Commonly, 3D geometry with transparency is rendered by blending all surfaces into a single buffer. Each surface occludes existing color and adds some of its own color depending on its alpha value, a ratio of light transmittance. The order in which surfaces are blended affects the total occlusion or visibility of each surface. For a correct result, surfaces must be blended from farthest to nearest or nearest to farthest, depending on the alpha compositing operation, over or under. Ordering may be achieved by rendering the geometry in sorted order, for example sorting triangles by depth, but can take a significant amount of time, not always produce a solution and the implementation is complex. Instead, order-independent transparency sorts geometry per-pixel, after rasterisation. For exact results this requires storing all fragments before sorting and compositing.
History
The A-Buffer is a computer graphics technique introduced in 1984 which stores per-pixel lists of fragment data in a software rasteriser, REYES, originally designed for anti-aliasing but also supporting transparency. More recently, depth peelingin 2001 described a hardware accelerated OIT technique. With limitations in graphics hardware the scene's geometry had to be rendered many times. A number of techniques have followed, to improve on the performance of depth peeling, still with the many-pass rendering limitation. For example, Dual Depth Peeling. In 2009, two significant features were introduced in GPU hardware/drivers/Graphics APIs that allowed capturing and storing fragment data in a single rendering pass of the scene, something not previously possible. These are, the ability to write to arbitrary GPU memory from shaders and atomic operations. With these features a new class of OIT techniques became possible that do not require many rendering passes of the scene's geometry.
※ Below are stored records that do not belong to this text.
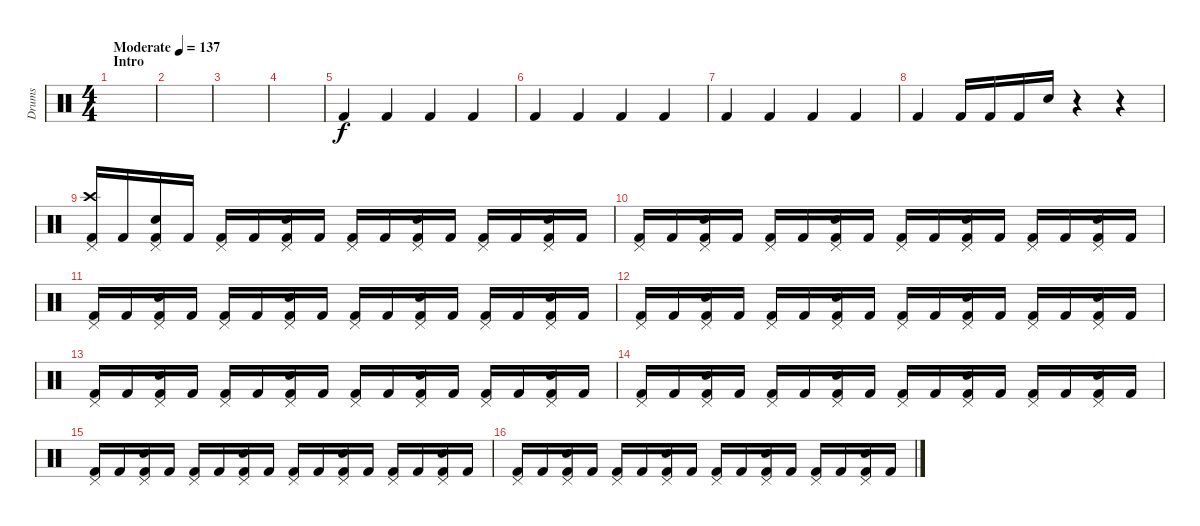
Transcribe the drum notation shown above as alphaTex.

\track ("Drums" "Drums") {instrument percussion}
\staff
\articulation defaults
\ts (4 4)
\section ("" "Intro")
\tempo (137 "Moderate")
\clef neutral
\ks c
|
|
|
|
"Kick (hit) 2".4 "Kick (hit) 2".4 "Kick (hit) 2".4 "Kick (hit) 2".4 |
"Kick (hit) 2".4 "Kick (hit) 2".4 "Kick (hit) 2".4 "Kick (hit) 2".4 |
"Kick (hit) 2".4 "Kick (hit) 2".4 "Kick (hit) 2".4 "Kick (hit) 2".4 |
"Kick (hit) 2".4 "Kick (hit) 2".16 "Kick (hit) 2".16 "Kick (hit) 2".16 "Snare (hit) 2".16 r.4 r.4 |
("Crash high (hit)" "Pedal Hi-Hat (hit)" "Kick (hit) 2").16 "Kick (hit) 2".16 ("Pedal Hi-Hat (hit)" "Snare (hit) 2" "Kick (hit) 2").16 "Kick (hit) 2".16 ("Pedal Hi-Hat (hit)" "Kick (hit) 2").16 "Kick (hit) 2".16 ("Pedal Hi-Hat (hit)" "Snare (hit) 2" "Kick (hit) 2").16 "Kick (hit) 2".16 ("Pedal Hi-Hat (hit)" "Kick (hit) 2").16 "Kick (hit) 2".16 ("Pedal Hi-Hat (hit)" "Snare (hit) 2" "Kick (hit) 2").16 "Kick (hit) 2".16 ("Pedal Hi-Hat (hit)" "Kick (hit) 2").16 "Kick (hit) 2".16 ("Pedal Hi-Hat (hit)" "Snare (hit) 2" "Kick (hit) 2").16 "Kick (hit) 2".16 |
("Pedal Hi-Hat (hit)" "Kick (hit) 2").16 "Kick (hit) 2".16 ("Pedal Hi-Hat (hit)" "Snare (hit) 2" "Kick (hit) 2").16 "Kick (hit) 2".16 ("Pedal Hi-Hat (hit)" "Kick (hit) 2").16 "Kick (hit) 2".16 ("Pedal Hi-Hat (hit)" "Snare (hit) 2" "Kick (hit) 2").16 "Kick (hit) 2".16 ("Pedal Hi-Hat (hit)" "Kick (hit) 2").16 "Kick (hit) 2".16 ("Pedal Hi-Hat (hit)" "Snare (hit) 2" "Kick (hit) 2").16 "Kick (hit) 2".16 ("Pedal Hi-Hat (hit)" "Kick (hit) 2").16 "Kick (hit) 2".16 ("Pedal Hi-Hat (hit)" "Snare (hit) 2" "Kick (hit) 2").16 "Kick (hit) 2".16 |
("Pedal Hi-Hat (hit)" "Kick (hit) 2").16 "Kick (hit) 2".16 ("Pedal Hi-Hat (hit)" "Snare (hit) 2" "Kick (hit) 2").16 "Kick (hit) 2".16 ("Pedal Hi-Hat (hit)" "Kick (hit) 2").16 "Kick (hit) 2".16 ("Pedal Hi-Hat (hit)" "Snare (hit) 2" "Kick (hit) 2").16 "Kick (hit) 2".16 ("Pedal Hi-Hat (hit)" "Kick (hit) 2").16 "Kick (hit) 2".16 ("Pedal Hi-Hat (hit)" "Snare (hit) 2" "Kick (hit) 2").16 "Kick (hit) 2".16 ("Pedal Hi-Hat (hit)" "Kick (hit) 2").16 "Kick (hit) 2".16 ("Pedal Hi-Hat (hit)" "Snare (hit) 2" "Kick (hit) 2").16 "Kick (hit) 2".16 |
("Pedal Hi-Hat (hit)" "Kick (hit) 2").16 "Kick (hit) 2".16 ("Pedal Hi-Hat (hit)" "Snare (hit) 2" "Kick (hit) 2").16 "Kick (hit) 2".16 ("Pedal Hi-Hat (hit)" "Kick (hit) 2").16 "Kick (hit) 2".16 ("Pedal Hi-Hat (hit)" "Snare (hit) 2" "Kick (hit) 2").16 "Kick (hit) 2".16 ("Pedal Hi-Hat (hit)" "Kick (hit) 2").16 "Kick (hit) 2".16 ("Pedal Hi-Hat (hit)" "Snare (hit) 2" "Kick (hit) 2").16 "Kick (hit) 2".16 ("Pedal Hi-Hat (hit)" "Kick (hit) 2").16 "Kick (hit) 2".16 ("Pedal Hi-Hat (hit)" "Snare (hit) 2" "Kick (hit) 2").16 "Kick (hit) 2".16 |
("Pedal Hi-Hat (hit)" "Kick (hit) 2").16 "Kick (hit) 2".16 ("Pedal Hi-Hat (hit)" "Snare (hit) 2" "Kick (hit) 2").16 "Kick (hit) 2".16 ("Pedal Hi-Hat (hit)" "Kick (hit) 2").16 "Kick (hit) 2".16 ("Pedal Hi-Hat (hit)" "Snare (hit) 2" "Kick (hit) 2").16 "Kick (hit) 2".16 ("Pedal Hi-Hat (hit)" "Kick (hit) 2").16 "Kick (hit) 2".16 ("Pedal Hi-Hat (hit)" "Snare (hit) 2" "Kick (hit) 2").16 "Kick (hit) 2".16 ("Pedal Hi-Hat (hit)" "Kick (hit) 2").16 "Kick (hit) 2".16 ("Pedal Hi-Hat (hit)" "Snare (hit) 2" "Kick (hit) 2").16 "Kick (hit) 2".16 |
("Pedal Hi-Hat (hit)" "Kick (hit) 2").16 "Kick (hit) 2".16 ("Pedal Hi-Hat (hit)" "Snare (hit) 2" "Kick (hit) 2").16 "Kick (hit) 2".16 ("Pedal Hi-Hat (hit)" "Kick (hit) 2").16 "Kick (hit) 2".16 ("Pedal Hi-Hat (hit)" "Snare (hit) 2" "Kick (hit) 2").16 "Kick (hit) 2".16 ("Pedal Hi-Hat (hit)" "Kick (hit) 2").16 "Kick (hit) 2".16 ("Pedal Hi-Hat (hit)" "Snare (hit) 2" "Kick (hit) 2").16 "Kick (hit) 2".16 ("Pedal Hi-Hat (hit)" "Kick (hit) 2").16 "Kick (hit) 2".16 ("Pedal Hi-Hat (hit)" "Snare (hit) 2" "Kick (hit) 2").16 "Kick (hit) 2".16 |
("Pedal Hi-Hat (hit)" "Kick (hit) 2").16 "Kick (hit) 2".16 ("Pedal Hi-Hat (hit)" "Snare (hit) 2" "Kick (hit) 2").16 "Kick (hit) 2".16 ("Pedal Hi-Hat (hit)" "Kick (hit) 2").16 "Kick (hit) 2".16 ("Pedal Hi-Hat (hit)" "Snare (hit) 2" "Kick (hit) 2").16 "Kick (hit) 2".16 ("Pedal Hi-Hat (hit)" "Kick (hit) 2").16 "Kick (hit) 2".16 ("Pedal Hi-Hat (hit)" "Snare (hit) 2" "Kick (hit) 2").16 "Kick (hit) 2".16 ("Pedal Hi-Hat (hit)" "Kick (hit) 2").16 "Kick (hit) 2".16 ("Pedal Hi-Hat (hit)" "Snare (hit) 2" "Kick (hit) 2").16 "Kick (hit) 2".16 |
("Pedal Hi-Hat (hit)" "Kick (hit) 2").16 "Kick (hit) 2".16 ("Pedal Hi-Hat (hit)" "Snare (hit) 2" "Kick (hit) 2").16 "Kick (hit) 2".16 ("Pedal Hi-Hat (hit)" "Kick (hit) 2").16 "Kick (hit) 2".16 ("Pedal Hi-Hat (hit)" "Snare (hit) 2" "Kick (hit) 2").16 "Kick (hit) 2".16 ("Pedal Hi-Hat (hit)" "Kick (hit) 2").16 "Kick (hit) 2".16 ("Pedal Hi-Hat (hit)" "Snare (hit) 2" "Kick (hit) 2").16 "Kick (hit) 2".16 ("Pedal Hi-Hat (hit)" "Kick (hit) 2").16 "Kick (hit) 2".16 ("Pedal Hi-Hat (hit)" "Snare (hit) 2" "Kick (hit) 2").16 "Kick (hit) 2".16

The first was storing the fragment data in a 3D array, where fragments are stored along the z dimension for each pixel x/y. In practice, most of the 3D array is unused or overflows, as a scene's depth complexity is typically uneven. To avoid overflow the 3D array requires large amounts of memory, which in many cases is impractical.
Two approaches to reducing this memory overhead exist.
# Packing the 3D array with a prefix sum scan, or linearizing, removed the unused memory issue but requires an additional depth complexity computation rendering pass of the geometry. The "Sparsity-aware" S-Buffer, Dynamic Fragment Buffer, "deque" D-Buffer, Linearized Layered Fragment Buffer all pack fragment data with a prefix sum scan and are demonstrated with OIT.
# Storing fragments in per-pixel linked lists provides tight packing of this data and in late 2011, driver improvements reduced the atomic operation contention overhead making the technique very competitive.
Exact OIT
Exact, as opposed to [|approximate], OIT accurately computes the final color, for which all fragments must be sorted. For high depth complexity scenes, sorting becomes the bottleneck. One issue with the sorting stage is local memory limited occupancy, in this case a SIMT attribute relating to the throughput and operation latency hiding of GPUs. Backwards memory allocation groups pixels by their depth complexity and sorts them in batches to improve the occupancy and hence performance of low depth complexity pixels in the context of a potentially high depth complexity scene. Up to a 3× overall OIT performance increase is reported. Sorting is typically performed in a local array, however performance can be improved further by making use of the GPU's memory hierarchy and sorting in registers, similarly to an external merge sort, especially in conjunction with BMA.
Approximate OIT
Approximate OIT techniques relax the constraint of exact rendering to provide faster results. Higher performance can be gained from not having to store all fragments or only partially sorting the geometry. A number of techniques also compress, or reduce, the fragment data. These include:
Stochastic Transparency: draw in a higher resolution in full opacity but discard some fragments. Downsampling will then yield transparency.
Adaptive Transparency, a two-pass technique where the first constructs a visibility function which compresses on the fly and the second uses this data to composite unordered fragments. Intel's pixel synchronization avoids the need to store all fragments, removing the unbounded memory requirement of many other OIT techniques.